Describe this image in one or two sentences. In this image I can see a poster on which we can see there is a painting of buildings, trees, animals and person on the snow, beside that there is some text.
--
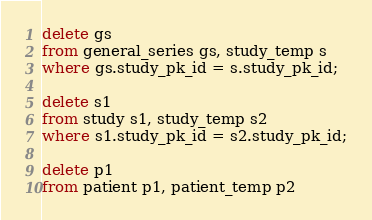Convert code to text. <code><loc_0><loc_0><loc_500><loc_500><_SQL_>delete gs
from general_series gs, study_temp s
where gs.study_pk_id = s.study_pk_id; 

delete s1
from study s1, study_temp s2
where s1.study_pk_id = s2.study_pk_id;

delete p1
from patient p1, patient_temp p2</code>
---
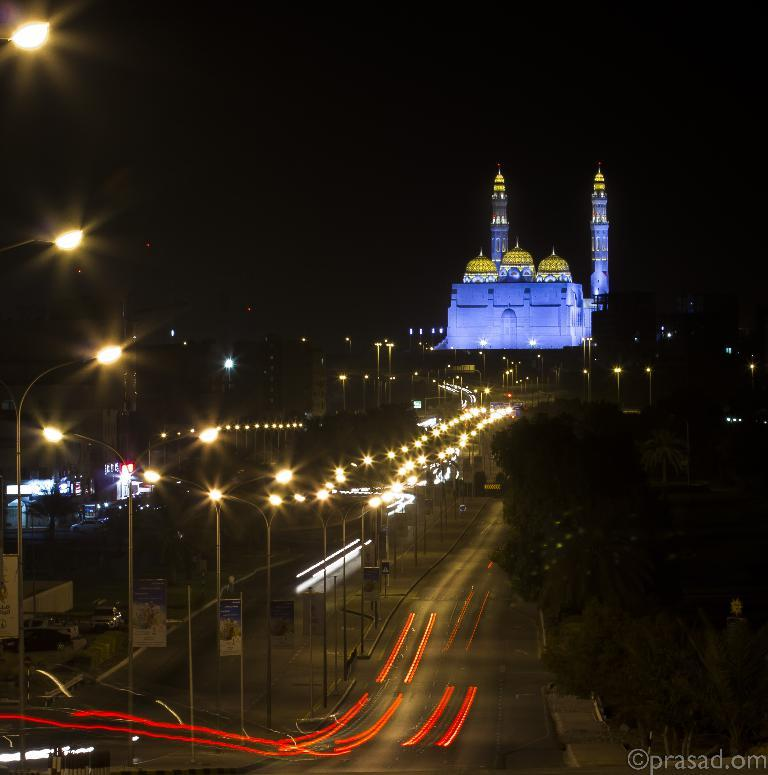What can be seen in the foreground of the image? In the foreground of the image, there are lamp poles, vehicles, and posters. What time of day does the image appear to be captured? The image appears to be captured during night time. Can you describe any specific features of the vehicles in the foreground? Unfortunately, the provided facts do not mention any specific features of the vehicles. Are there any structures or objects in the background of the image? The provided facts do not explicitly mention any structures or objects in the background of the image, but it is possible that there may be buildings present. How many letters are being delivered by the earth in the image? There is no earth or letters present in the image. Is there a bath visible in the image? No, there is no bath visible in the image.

- [What you have to do]: Your answer should consist solely of the lines above from the line with "where s1.study_pk_id = s2.study_pk_id;" to the line with "from patient p1, patient_temp p2</code>", both included, reproduced exactly.

- [Output for this task]:
where s1.study_pk_id = s2.study_pk_id;

delete p1
from patient p1, patient_temp p2</code>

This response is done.